Friday 29 November 2013

Chris Port Blog #351. ‘Dear Arthur’.

For Jaspreet Gill

Dear Arthur
© Chris Port, 29 November 2013
 

(In memory of Arthur Schopenhauer, and his ‘divine’ sense of humour).

Dear Arthur, in your grave repose
I heard the laughter of the crows;
the murder of their sunny caws
was funny as the dinosaurs.

Dear Arthur, I’m a living ghost
who wills the world beneath my toes;
an actor corpsing at your pains -
a small banana skin of brains.

Dear Arthur, I have watched those stars
but, like you, never saw them laugh;
the pratfalls of my consciousness -
the playing of an empty house.
 
 

2 comments:

  1. ^ cf. Marty Gull
    http://martygull.blogspot.co.uk/2011/01/marty-gull-playscript-extracts.html

    MARTY: Yesterday, I was looking at instant coffee in Sainsburys...

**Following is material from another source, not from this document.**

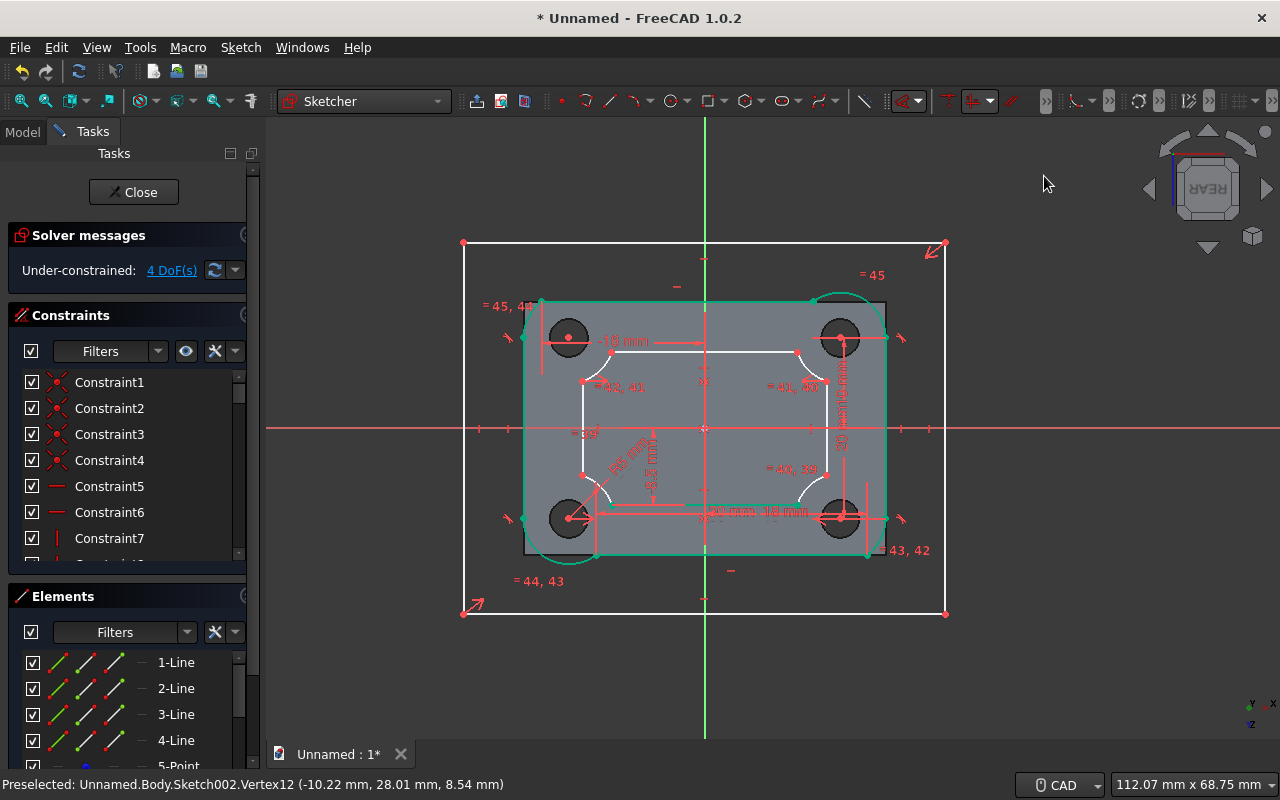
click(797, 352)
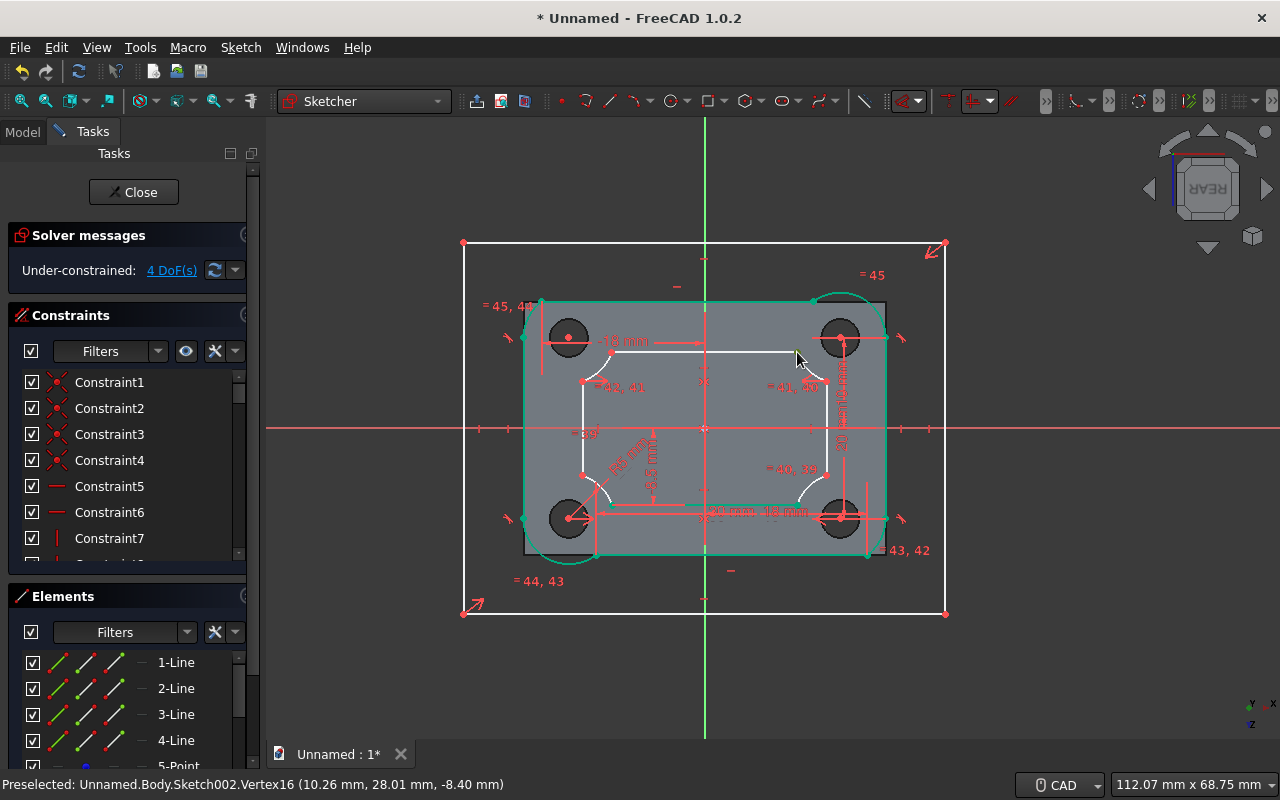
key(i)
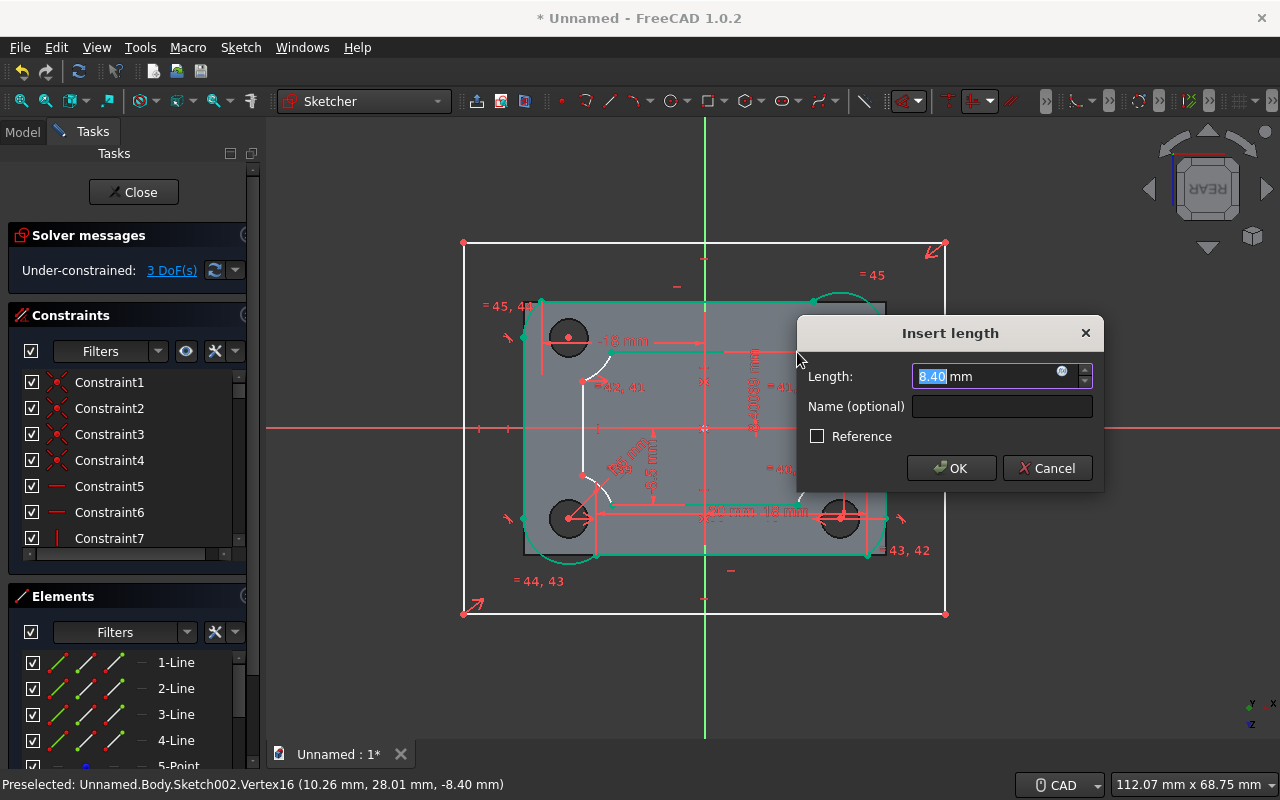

    REX: What an interesting life you lead...

    MARTY: Indeed. I heard a sound. Like a kookaburra. One of those jungle birds in war films. Laughing. Hysterically. It wasn’t just me. Other people could hear it. They were grinning or frowning or pretending to ignore it. I tracked it down. It was a madman. He was laughing at a checkout. Hysterically. He just couldn’t stop. They called security, and they called him a taxi. I went to the pub... and heard exactly the same sound. An insane cackle. Meaningless. What did they have in common? They’re all poor. That man at the checkout. I think he was taking refuge in madness. The way others take refuge in whiskey. It's a cold, bright supermarket world out there. Care in the community? What community?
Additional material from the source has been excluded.